• [What the task requires]
With images removed, transcribe each record exactly as it appears.

• [Data entries]
· · · · · · ·
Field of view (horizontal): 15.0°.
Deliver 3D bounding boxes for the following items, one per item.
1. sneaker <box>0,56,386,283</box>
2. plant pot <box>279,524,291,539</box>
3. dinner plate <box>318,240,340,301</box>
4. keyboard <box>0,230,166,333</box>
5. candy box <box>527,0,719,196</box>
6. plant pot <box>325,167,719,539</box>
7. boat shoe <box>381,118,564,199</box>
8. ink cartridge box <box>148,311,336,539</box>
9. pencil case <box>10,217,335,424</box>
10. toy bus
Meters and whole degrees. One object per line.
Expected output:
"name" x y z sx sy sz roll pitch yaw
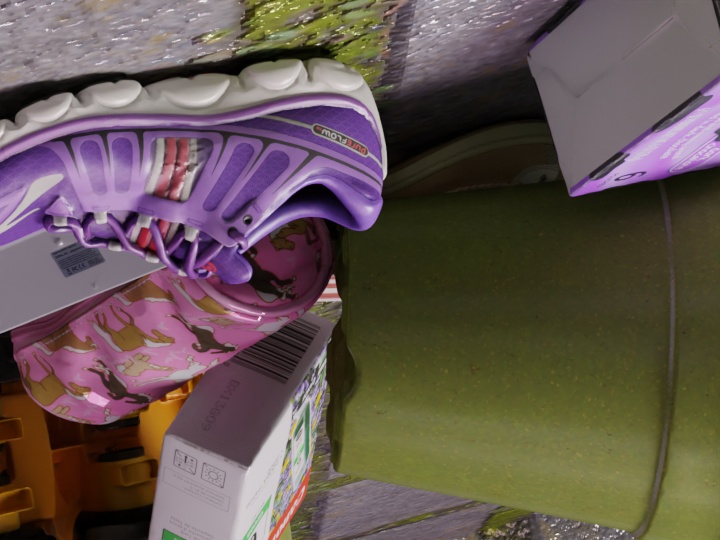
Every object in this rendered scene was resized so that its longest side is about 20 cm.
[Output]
· · · · · · ·
• [Reply]
Field of view (horizontal): 15.0°.
Deliver 3D bounding boxes for the following items, one per item.
1. sneaker <box>0,56,386,283</box>
2. plant pot <box>279,524,291,539</box>
3. dinner plate <box>318,240,340,301</box>
4. keyboard <box>0,230,166,333</box>
5. candy box <box>527,0,719,196</box>
6. plant pot <box>325,167,719,539</box>
7. boat shoe <box>381,118,564,199</box>
8. ink cartridge box <box>148,311,336,539</box>
9. pencil case <box>10,217,335,424</box>
10. toy bus
Meters and whole degrees. One object per line.
Expected output:
"name" x y z sx sy sz roll pitch yaw
Every object in this rendered scene was resized so that its longest side is about 20 cm.
[Output]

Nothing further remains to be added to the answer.